(Saved entries)
▬▬▬▬▬▬

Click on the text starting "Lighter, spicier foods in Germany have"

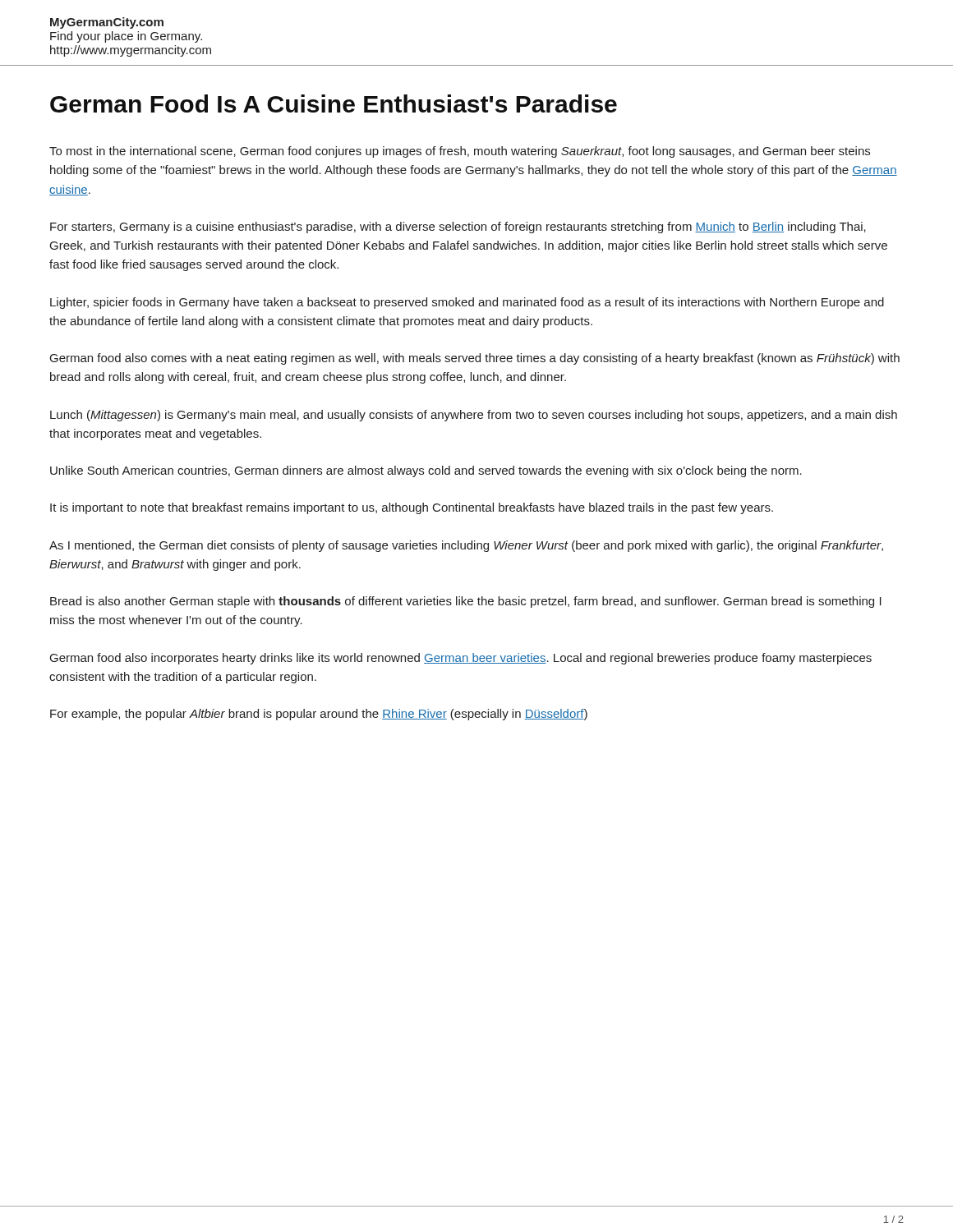tap(476, 311)
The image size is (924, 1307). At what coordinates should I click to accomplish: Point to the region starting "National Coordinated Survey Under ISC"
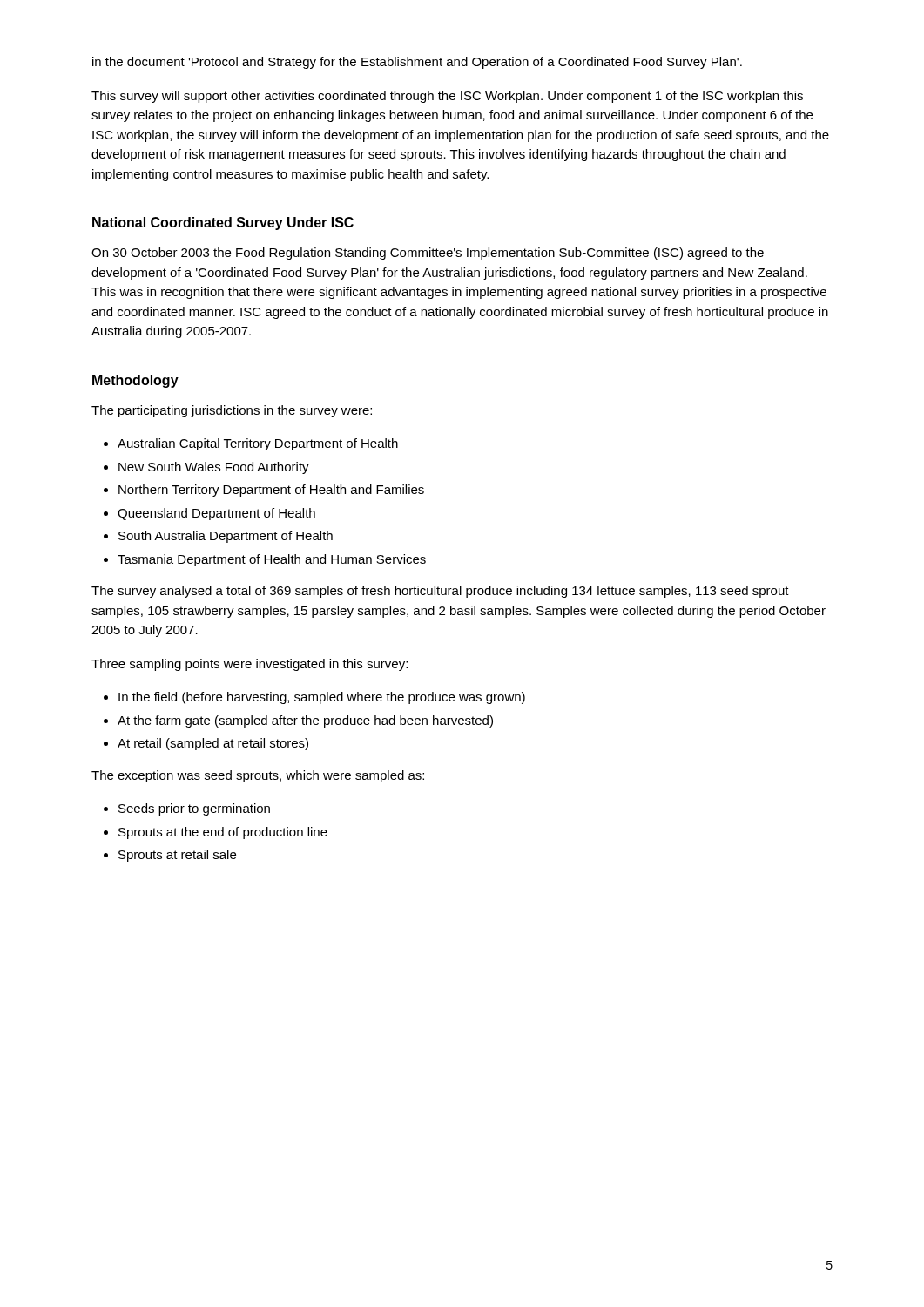(x=223, y=223)
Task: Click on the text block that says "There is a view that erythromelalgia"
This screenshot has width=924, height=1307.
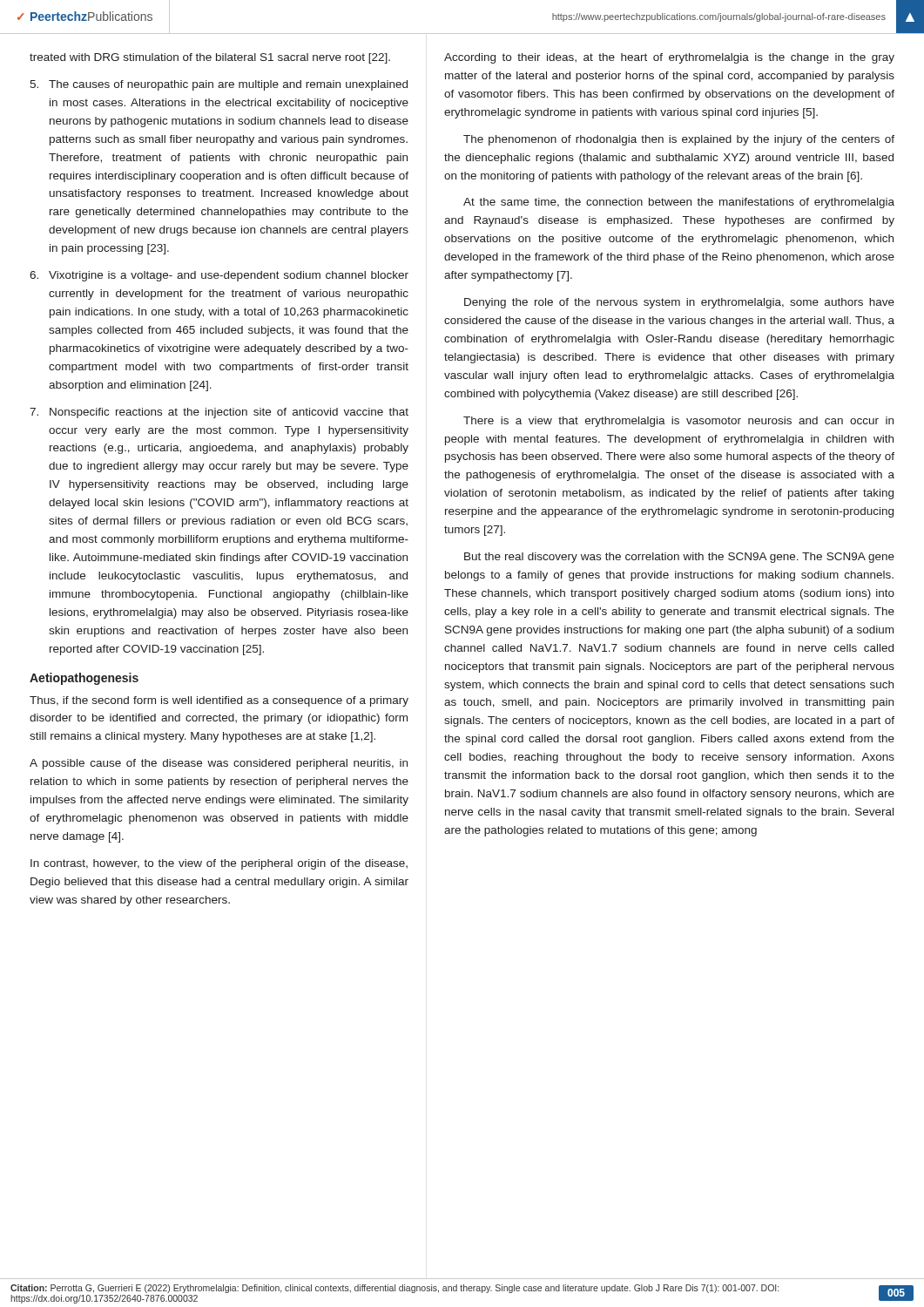Action: 669,475
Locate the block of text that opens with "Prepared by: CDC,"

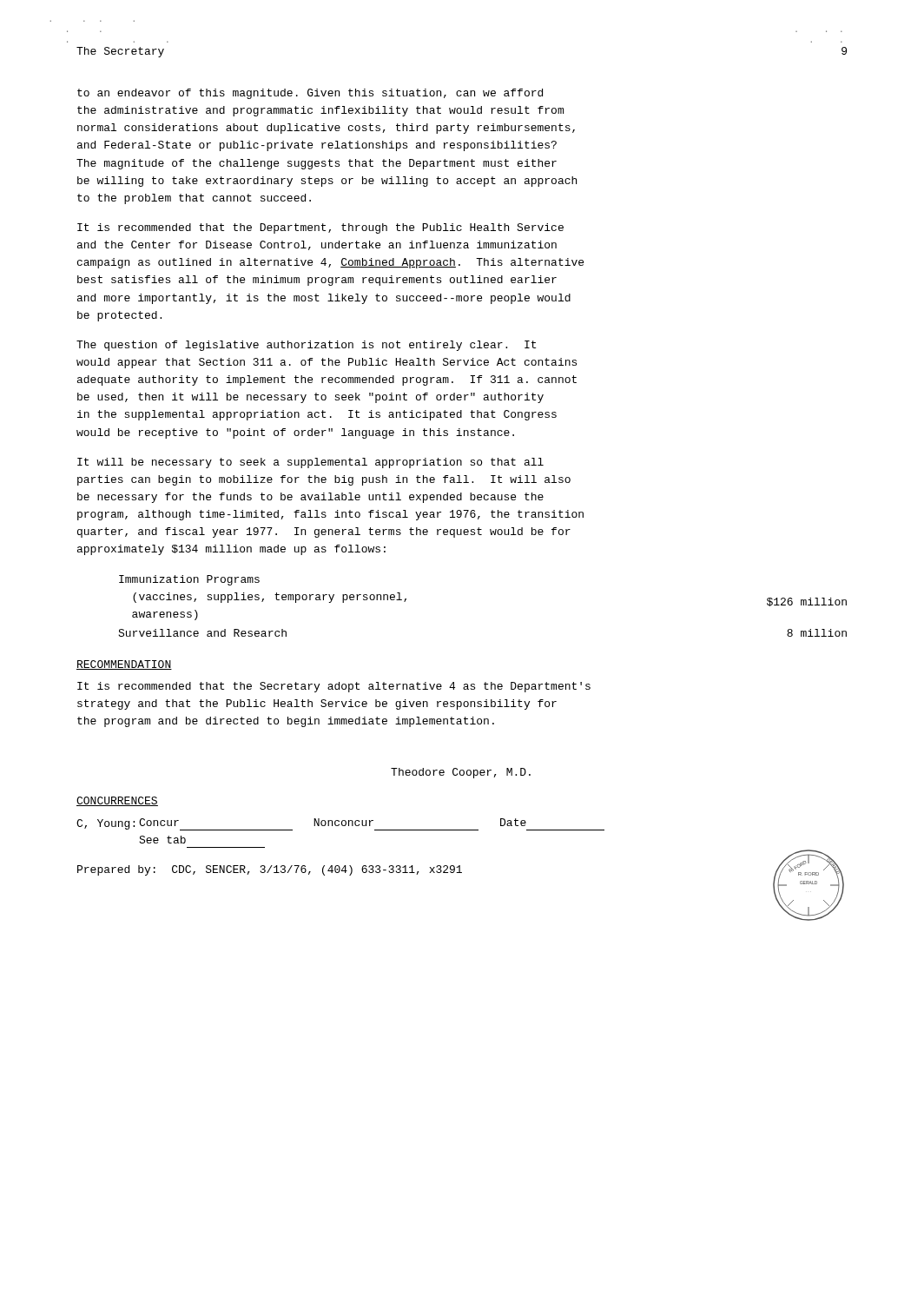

▬▬▬▬▬▬

■ **Task objective**
Please work out how many lines in the data include "block"; write that number only.

■ **Exercise output**
2